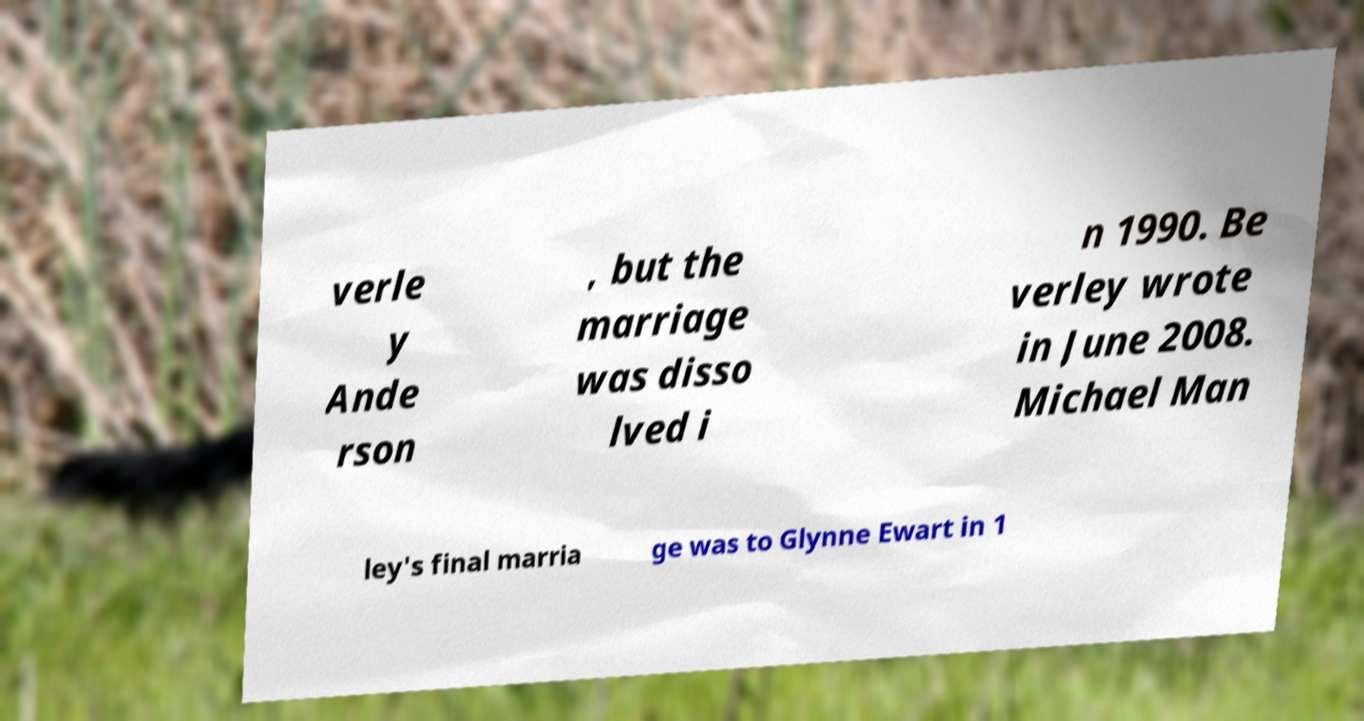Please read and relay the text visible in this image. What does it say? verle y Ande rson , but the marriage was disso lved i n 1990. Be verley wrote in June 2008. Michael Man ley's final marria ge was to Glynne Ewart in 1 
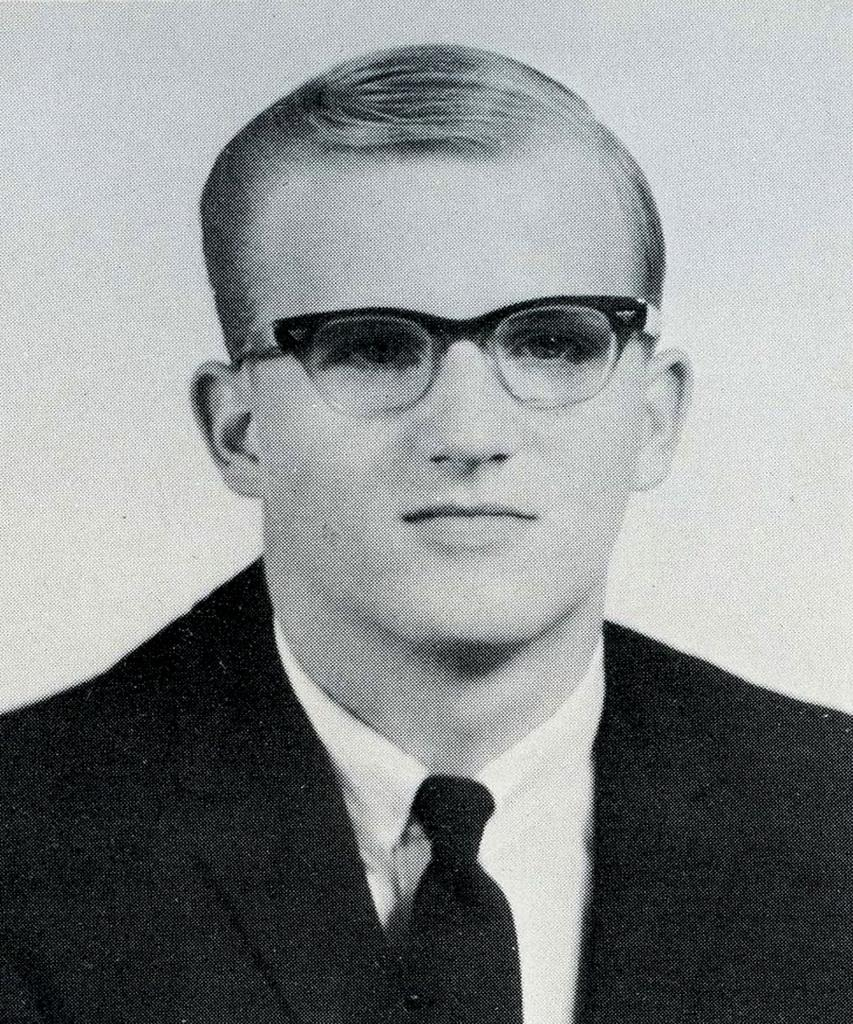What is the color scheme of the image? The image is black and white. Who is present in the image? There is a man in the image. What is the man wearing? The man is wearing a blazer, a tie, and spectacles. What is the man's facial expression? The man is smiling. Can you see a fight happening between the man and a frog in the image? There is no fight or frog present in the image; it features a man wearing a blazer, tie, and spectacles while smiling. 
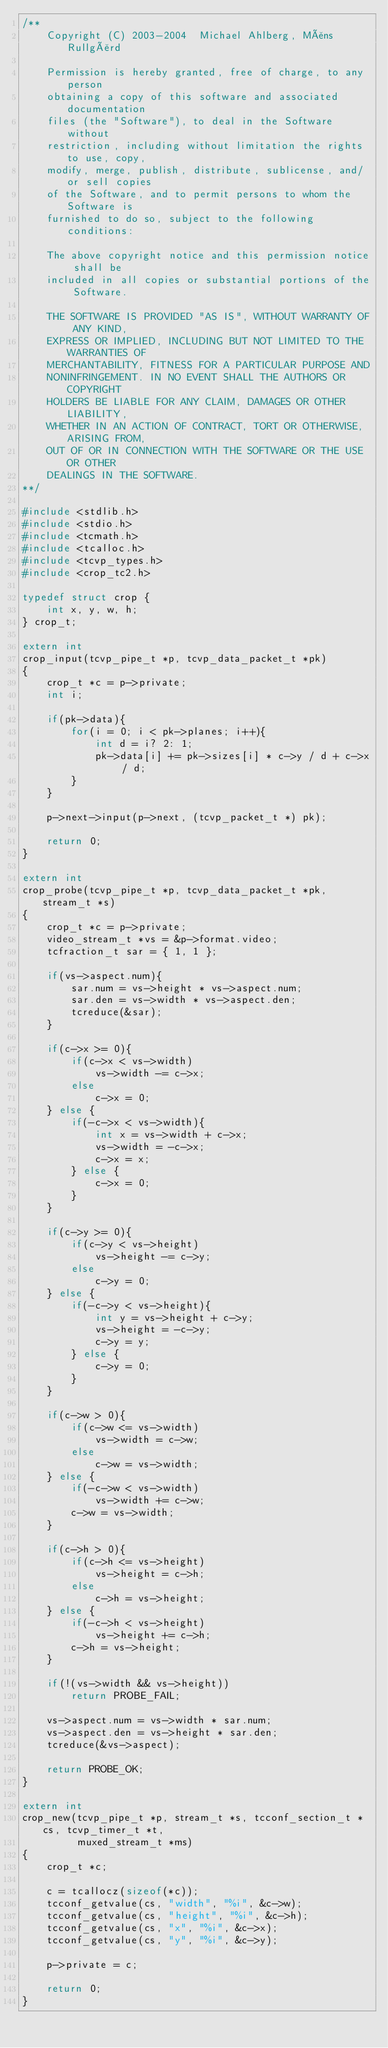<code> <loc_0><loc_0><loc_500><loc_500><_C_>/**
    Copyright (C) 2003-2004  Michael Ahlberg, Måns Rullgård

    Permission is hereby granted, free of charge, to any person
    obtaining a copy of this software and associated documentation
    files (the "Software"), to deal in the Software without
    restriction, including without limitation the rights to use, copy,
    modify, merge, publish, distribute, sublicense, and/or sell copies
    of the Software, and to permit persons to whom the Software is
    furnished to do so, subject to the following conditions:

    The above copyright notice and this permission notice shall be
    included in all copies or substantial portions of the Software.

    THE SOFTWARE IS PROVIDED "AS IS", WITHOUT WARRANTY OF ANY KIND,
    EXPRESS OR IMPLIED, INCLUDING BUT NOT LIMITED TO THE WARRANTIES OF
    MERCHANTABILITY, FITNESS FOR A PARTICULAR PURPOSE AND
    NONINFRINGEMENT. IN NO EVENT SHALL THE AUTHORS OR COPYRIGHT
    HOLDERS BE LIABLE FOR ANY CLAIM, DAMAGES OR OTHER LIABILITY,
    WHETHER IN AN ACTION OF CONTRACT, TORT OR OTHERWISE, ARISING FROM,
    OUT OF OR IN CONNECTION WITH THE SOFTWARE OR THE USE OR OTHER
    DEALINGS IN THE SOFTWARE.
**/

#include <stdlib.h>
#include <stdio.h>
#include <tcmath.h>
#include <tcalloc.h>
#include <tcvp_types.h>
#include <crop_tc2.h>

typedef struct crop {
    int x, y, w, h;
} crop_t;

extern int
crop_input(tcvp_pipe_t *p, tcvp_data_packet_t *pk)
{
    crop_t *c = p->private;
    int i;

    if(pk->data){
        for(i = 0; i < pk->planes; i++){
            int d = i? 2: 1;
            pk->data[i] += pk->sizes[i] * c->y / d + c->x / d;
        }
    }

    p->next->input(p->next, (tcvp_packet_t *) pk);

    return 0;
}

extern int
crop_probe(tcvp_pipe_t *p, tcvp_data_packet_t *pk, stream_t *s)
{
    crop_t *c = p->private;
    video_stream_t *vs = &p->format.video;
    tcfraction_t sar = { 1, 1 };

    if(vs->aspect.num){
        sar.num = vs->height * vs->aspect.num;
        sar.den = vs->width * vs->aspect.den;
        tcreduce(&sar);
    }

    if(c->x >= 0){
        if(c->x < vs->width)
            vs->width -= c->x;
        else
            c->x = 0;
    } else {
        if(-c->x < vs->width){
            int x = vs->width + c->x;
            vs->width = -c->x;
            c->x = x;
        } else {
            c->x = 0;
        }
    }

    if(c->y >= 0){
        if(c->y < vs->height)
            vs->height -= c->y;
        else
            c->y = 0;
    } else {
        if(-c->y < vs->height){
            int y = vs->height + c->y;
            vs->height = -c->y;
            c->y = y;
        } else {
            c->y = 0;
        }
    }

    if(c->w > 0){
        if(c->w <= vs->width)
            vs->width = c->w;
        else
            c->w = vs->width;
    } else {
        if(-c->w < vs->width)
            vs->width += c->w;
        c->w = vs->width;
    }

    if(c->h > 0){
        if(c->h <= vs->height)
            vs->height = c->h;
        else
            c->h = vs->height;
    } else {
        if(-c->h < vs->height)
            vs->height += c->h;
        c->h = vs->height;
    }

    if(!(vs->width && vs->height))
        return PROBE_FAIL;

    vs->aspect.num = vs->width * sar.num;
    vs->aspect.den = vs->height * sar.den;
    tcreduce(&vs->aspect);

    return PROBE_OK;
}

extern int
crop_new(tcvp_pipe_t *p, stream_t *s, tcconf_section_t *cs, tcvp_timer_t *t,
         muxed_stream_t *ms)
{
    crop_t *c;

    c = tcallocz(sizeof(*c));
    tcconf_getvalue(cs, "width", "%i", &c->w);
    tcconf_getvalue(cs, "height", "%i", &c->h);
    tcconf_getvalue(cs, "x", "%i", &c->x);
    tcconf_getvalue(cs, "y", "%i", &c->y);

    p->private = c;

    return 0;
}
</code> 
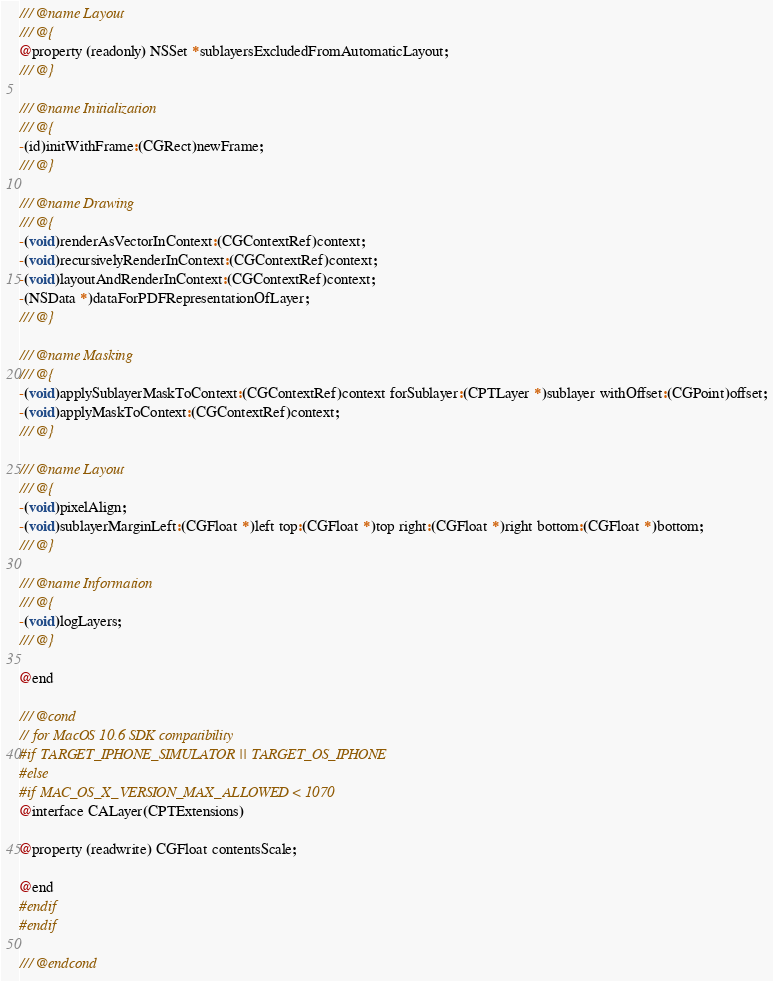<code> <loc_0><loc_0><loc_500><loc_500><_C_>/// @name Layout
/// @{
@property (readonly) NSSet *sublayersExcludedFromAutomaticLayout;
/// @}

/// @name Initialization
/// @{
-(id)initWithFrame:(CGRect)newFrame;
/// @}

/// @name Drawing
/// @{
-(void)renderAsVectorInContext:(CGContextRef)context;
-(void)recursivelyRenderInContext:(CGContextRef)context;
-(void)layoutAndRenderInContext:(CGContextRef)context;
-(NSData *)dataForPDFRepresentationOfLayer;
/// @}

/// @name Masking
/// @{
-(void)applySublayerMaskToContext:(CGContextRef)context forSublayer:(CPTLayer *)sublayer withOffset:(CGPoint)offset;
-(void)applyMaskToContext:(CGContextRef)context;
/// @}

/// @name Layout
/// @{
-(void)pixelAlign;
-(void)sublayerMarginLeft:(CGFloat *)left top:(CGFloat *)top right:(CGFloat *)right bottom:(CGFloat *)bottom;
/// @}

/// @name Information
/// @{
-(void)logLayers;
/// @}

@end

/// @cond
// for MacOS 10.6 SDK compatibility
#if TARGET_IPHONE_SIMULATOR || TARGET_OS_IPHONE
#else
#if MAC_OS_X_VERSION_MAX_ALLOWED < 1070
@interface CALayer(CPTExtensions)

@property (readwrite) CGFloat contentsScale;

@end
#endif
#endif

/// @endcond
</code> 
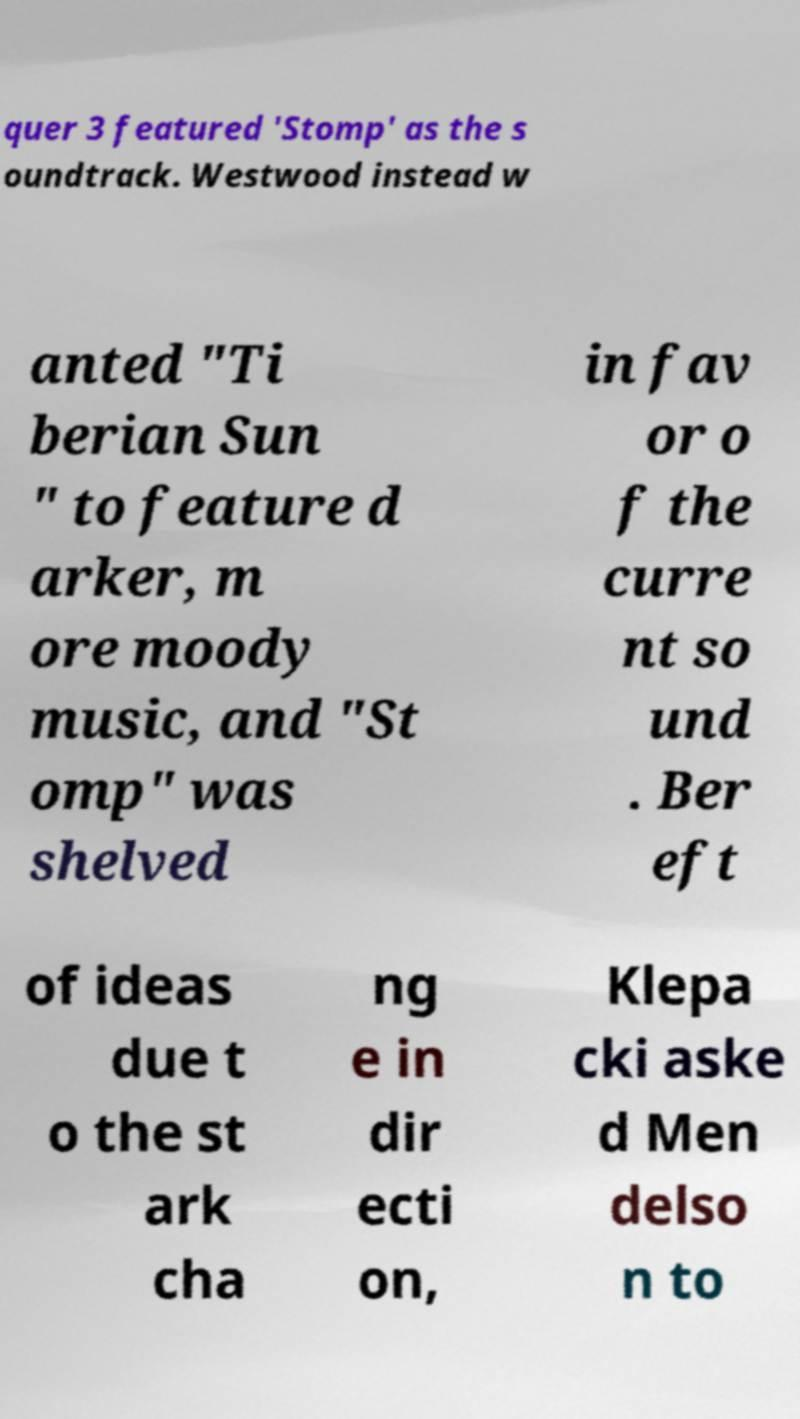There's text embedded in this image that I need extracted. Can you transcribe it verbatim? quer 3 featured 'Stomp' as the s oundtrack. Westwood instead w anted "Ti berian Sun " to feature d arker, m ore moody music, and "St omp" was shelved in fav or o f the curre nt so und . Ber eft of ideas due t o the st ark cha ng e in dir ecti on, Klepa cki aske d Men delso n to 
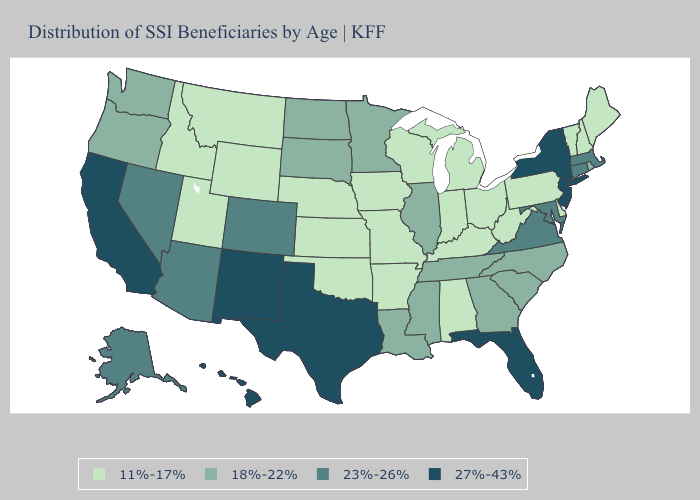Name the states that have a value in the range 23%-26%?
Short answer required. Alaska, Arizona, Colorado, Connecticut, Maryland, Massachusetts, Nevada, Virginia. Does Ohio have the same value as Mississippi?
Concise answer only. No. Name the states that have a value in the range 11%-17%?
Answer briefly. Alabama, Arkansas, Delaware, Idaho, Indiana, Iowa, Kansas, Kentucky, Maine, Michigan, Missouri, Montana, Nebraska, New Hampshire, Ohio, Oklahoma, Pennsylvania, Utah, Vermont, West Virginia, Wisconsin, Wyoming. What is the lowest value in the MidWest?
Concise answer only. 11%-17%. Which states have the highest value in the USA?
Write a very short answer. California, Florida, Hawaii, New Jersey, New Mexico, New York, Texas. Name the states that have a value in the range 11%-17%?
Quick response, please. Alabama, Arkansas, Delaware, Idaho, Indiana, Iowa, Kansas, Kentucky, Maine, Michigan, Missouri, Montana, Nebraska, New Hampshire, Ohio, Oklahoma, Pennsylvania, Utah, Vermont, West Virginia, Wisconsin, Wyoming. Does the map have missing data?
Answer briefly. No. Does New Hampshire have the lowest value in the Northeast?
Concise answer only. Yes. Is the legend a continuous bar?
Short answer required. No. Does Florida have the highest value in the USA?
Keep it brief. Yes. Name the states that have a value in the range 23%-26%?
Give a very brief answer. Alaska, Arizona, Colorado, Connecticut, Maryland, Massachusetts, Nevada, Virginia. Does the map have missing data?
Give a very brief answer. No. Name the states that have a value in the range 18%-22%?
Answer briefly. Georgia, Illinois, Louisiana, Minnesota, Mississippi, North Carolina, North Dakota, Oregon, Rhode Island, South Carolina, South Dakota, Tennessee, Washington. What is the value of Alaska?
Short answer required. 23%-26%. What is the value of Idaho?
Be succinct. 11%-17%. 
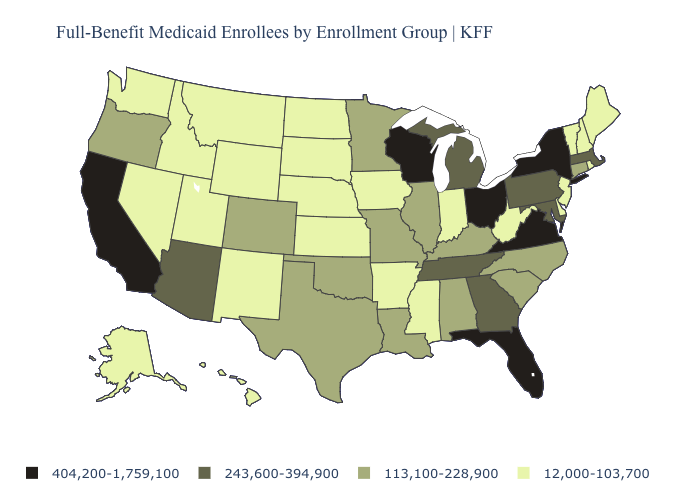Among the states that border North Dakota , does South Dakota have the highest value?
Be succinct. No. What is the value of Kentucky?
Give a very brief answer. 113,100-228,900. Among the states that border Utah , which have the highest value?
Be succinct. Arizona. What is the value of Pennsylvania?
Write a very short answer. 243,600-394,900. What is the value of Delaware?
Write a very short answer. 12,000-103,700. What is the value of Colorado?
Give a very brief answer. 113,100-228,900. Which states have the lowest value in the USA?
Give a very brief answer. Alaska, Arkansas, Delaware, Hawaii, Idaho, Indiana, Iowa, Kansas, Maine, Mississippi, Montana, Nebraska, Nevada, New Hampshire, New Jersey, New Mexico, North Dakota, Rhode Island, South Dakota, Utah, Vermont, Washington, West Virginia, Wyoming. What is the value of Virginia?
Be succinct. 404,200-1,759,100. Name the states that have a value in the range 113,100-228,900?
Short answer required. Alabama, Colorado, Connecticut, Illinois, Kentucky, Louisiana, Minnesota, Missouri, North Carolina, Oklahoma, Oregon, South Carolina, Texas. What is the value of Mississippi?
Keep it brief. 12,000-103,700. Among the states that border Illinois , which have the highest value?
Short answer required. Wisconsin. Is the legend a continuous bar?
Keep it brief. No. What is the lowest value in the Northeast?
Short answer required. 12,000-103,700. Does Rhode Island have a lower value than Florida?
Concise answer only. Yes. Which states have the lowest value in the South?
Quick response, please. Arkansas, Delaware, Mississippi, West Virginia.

## What to do
What is needed is an exact copy of the lines above, from the one containing "value of Mississippi?" through the one containing "Keep it brief. No.", with nothing added.

## Response area
Short answer required. Alabama, Colorado, Connecticut, Illinois, Kentucky, Louisiana, Minnesota, Missouri, North Carolina, Oklahoma, Oregon, South Carolina, Texas. What is the value of Mississippi?
Keep it brief. 12,000-103,700. Among the states that border Illinois , which have the highest value?
Short answer required. Wisconsin. Is the legend a continuous bar?
Keep it brief. No. What is the lowest value in the Northeast?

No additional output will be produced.